Chinese authorities have drawn global attentions for building re-education camps in Xinjiang. Atajurt Kazakh Human Rights, a Kazakh civil organization, has volunteered to disclose the inside stories about the Xinjiang Re-education camps and to assist the Kazakh, Uighur, and Kirgiz people in Xinjiang in finding missing or imprisoned relatives and friends. Recently, a pro-Beijing local Chinese group in Kazakhstan filed a lawsuit against Atajurt, charging the organization and its founder Serikzhan Bilash with “destroying the friendship between China and Kazakhstan.” It asked the court to declare Atajurt an illegal organization.
According to Radio Free Asia, Atajurt obtained a plethora of information regarding the Chinese government’s ethnic policies and practices in Xinjiang, including burning The Koran, demolishing mosques, prohibiting ethnic minorities from holding traditional weddings or funerals, and even sentencing Imams or causing Imams to die in prison. This information has drawn attention from the United States, the United Nations, and the European Union.
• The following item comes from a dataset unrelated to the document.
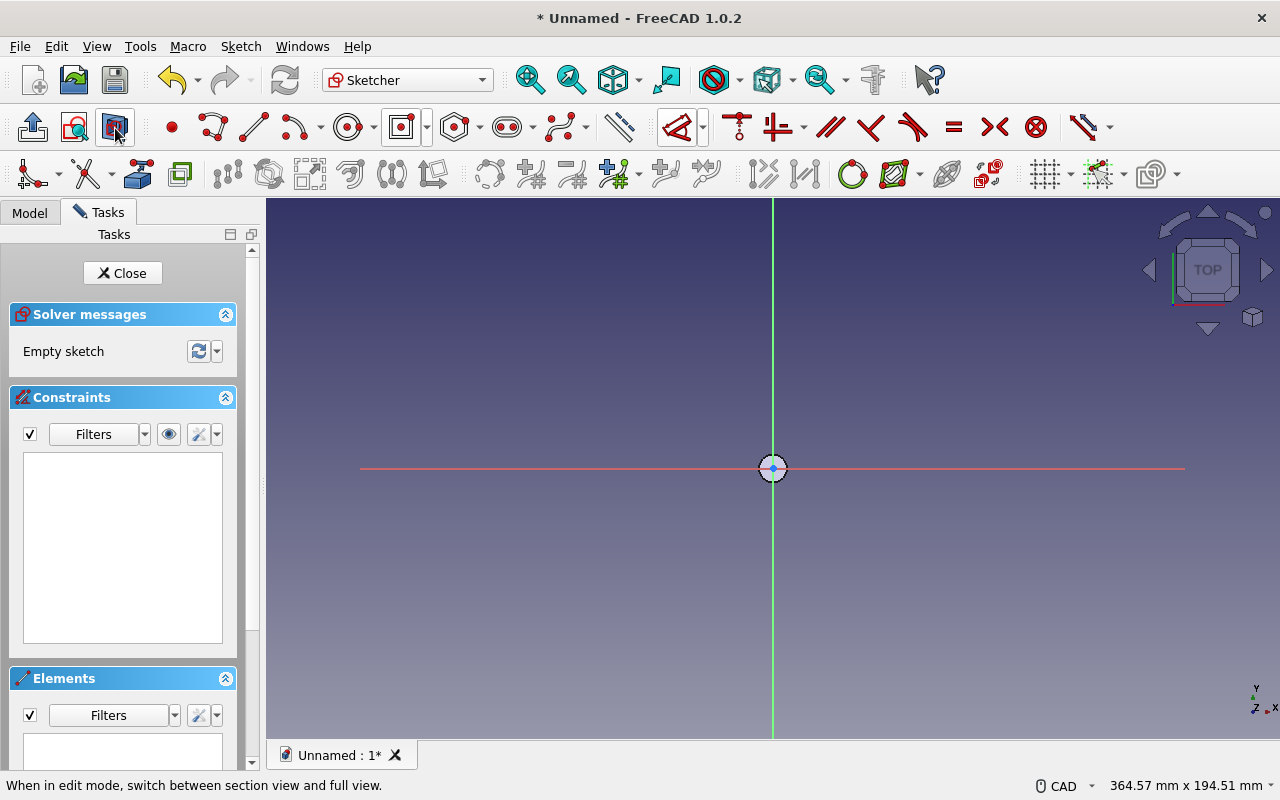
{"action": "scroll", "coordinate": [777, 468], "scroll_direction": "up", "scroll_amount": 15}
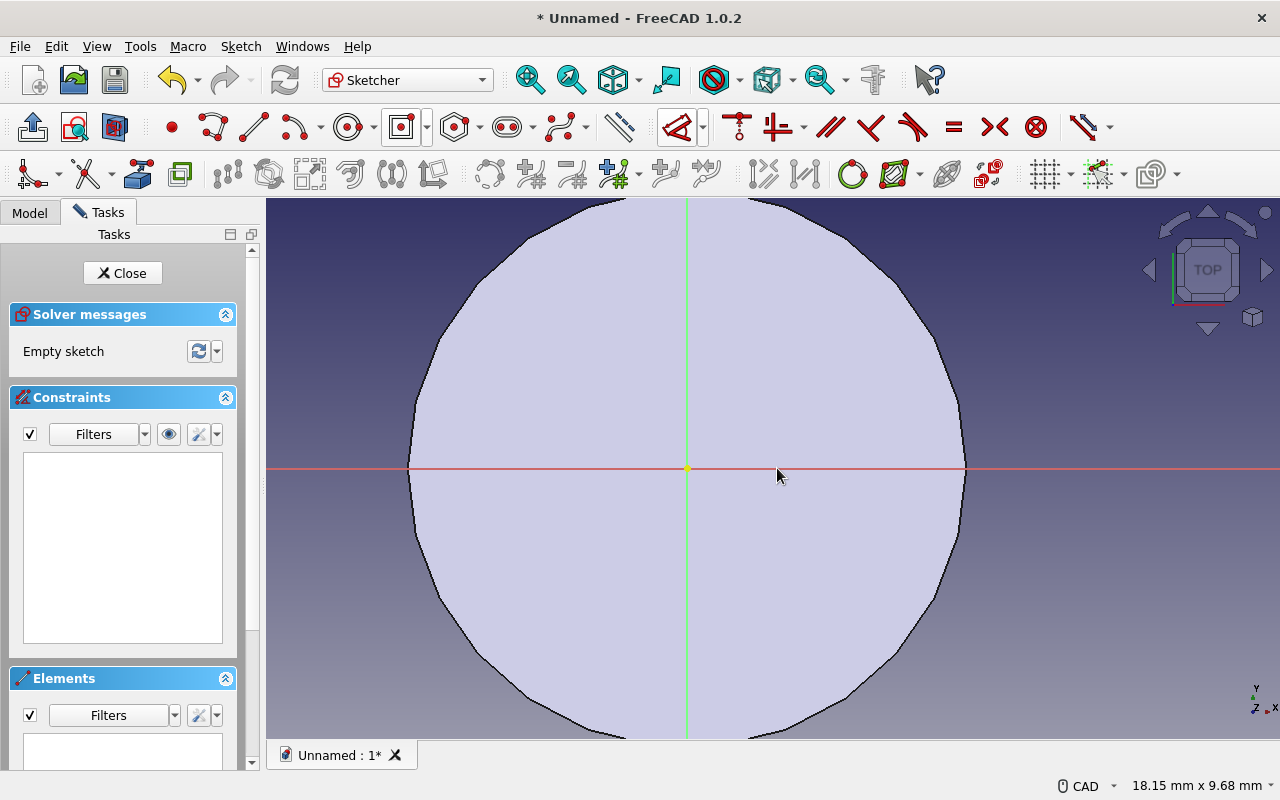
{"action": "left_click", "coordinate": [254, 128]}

It has been said that the 37-member “patriotic overseas Chinese” group has close ties with the Chinese Embassy. According to Serikzhan, these people have participated in a number of social events that the Chinese Embassy organized in Kazakhstan, such as the annual “National Day” dinner, and they also attended the Chinese People’s Political Consultative Conference (held in Beijing). He said that, “Their purpose is to stop us from organizing activities and stop us from continuing to collect information and evidence about the Xinjiang ‘re-education’ concentration camps.”